Regulatory site clustering and investigation of muscle regulatory module

We have investigated the distribution of sites, looking for evidence of site clustering and the possibility of a regulatory module in the promoters of the C. elegans muscle genes. We find that compared with a random set of genes, the predicted muscle regulatory sites are more frequent in the immediate upstream region of C. elegans muscle genes (Fig. 2). As expected, for the random genes, roughly 20% of the sites are present in each 200-nt window, but in muscle genes, the percent of sites are higher near to the gene start sites (TSS).

Figure 2.

Figure 2.

Fraction of total sites observed in the upstream 1000 nts mapped as a function of distance from the start site of the 41 known muscle (▪) and 2000 random genes (□) in C. elegans. Averages over the gene sets are shown. Motifs 1 (i), motif 2 (ii), motif 3 (iii), and combined frequency of motifs 1, 2, and 3 (iv).

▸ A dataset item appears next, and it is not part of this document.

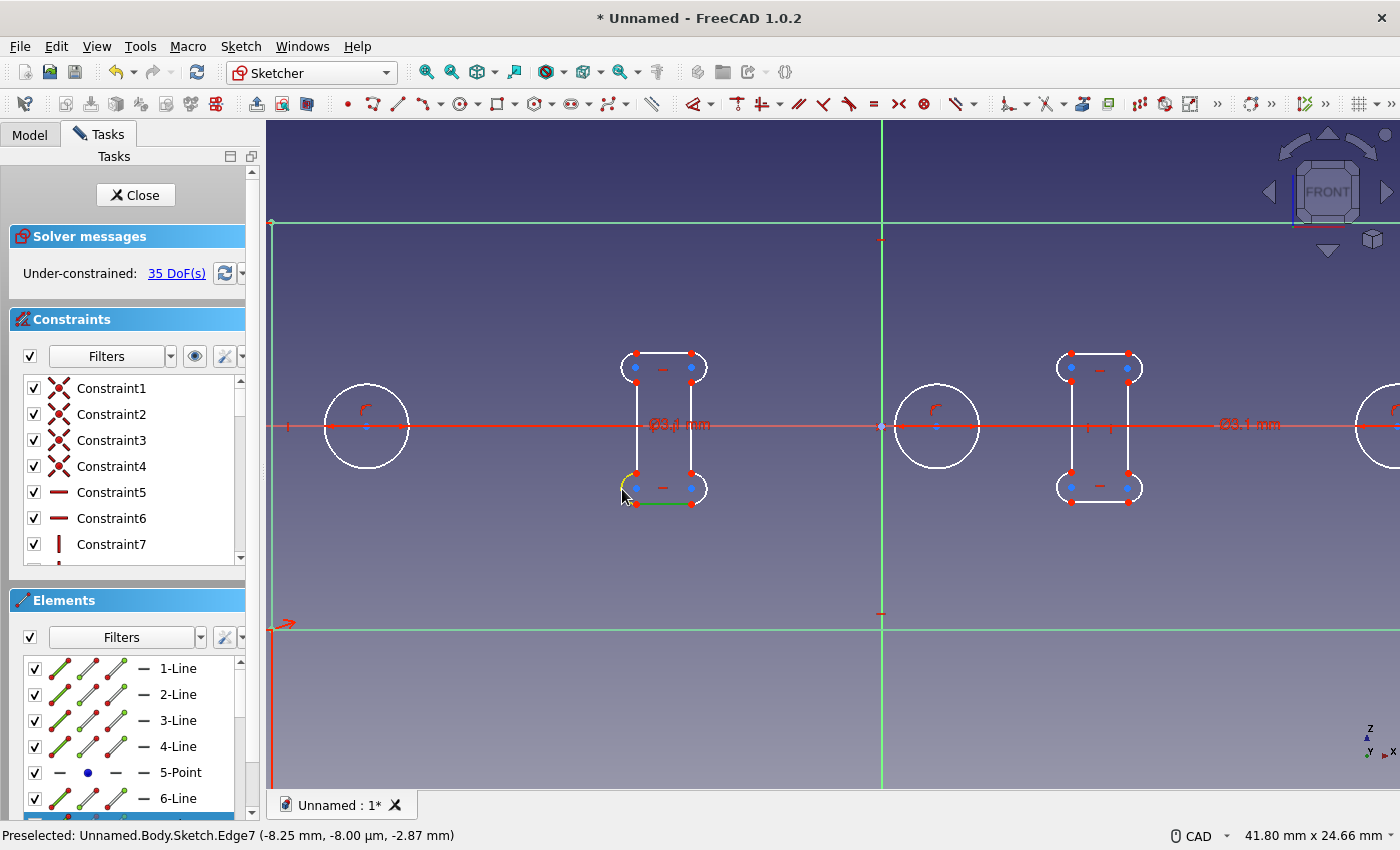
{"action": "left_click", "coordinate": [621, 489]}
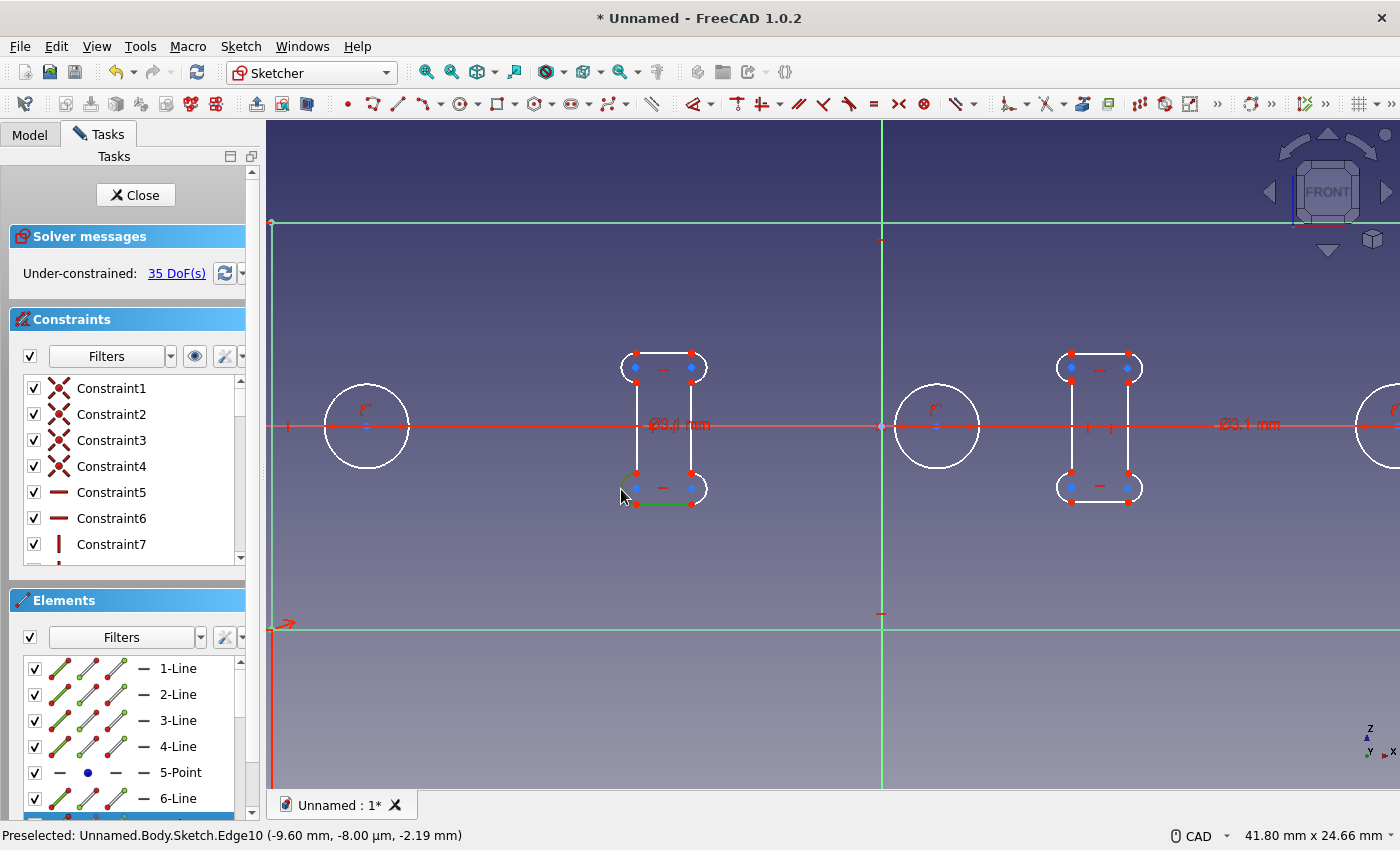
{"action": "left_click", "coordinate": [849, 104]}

In human skeletal muscle genes, the known regulatory sites tend to cluster within a distance of roughly 200 nts, forming a muscle regulatory module (Wasserman and Fickett 1998). We investigated the presence of a similar optimal window size for a muscle regulatory module in C. elegans using predicted sites from the three motifs we identified here. Several computational methods now exist for identification of putative DNA regulatory modules in input sequences given a set of transcription-factor binding-site profiles. Most can be grouped in two classes, viz., a sliding window approach, and hidden Markov model approach (Bailey and Noble 2003). We have used two of those methods, one from each class, viz., MSCAN (Johansson et al. 2003) and COMET (Frith et al. 2002). MSCAN computes the statistical significance of observing regulatory modules in different sequence windows based on the distribution of hits for the individual DNA profiles in a random sequence. COMET uses an HMM process, where it assumes that cis-elements occur in a Poisson process embedded in random DNA. Given that the motifs are all clustered near the AUG end of the promoter region, we did not observe any significant combinations of motif clusters. It is possible that we have not yet discovered all of the muscle regulatory motifs (see below), and this issue of whether there are particular combinations that define important modules should be revisited at a later time.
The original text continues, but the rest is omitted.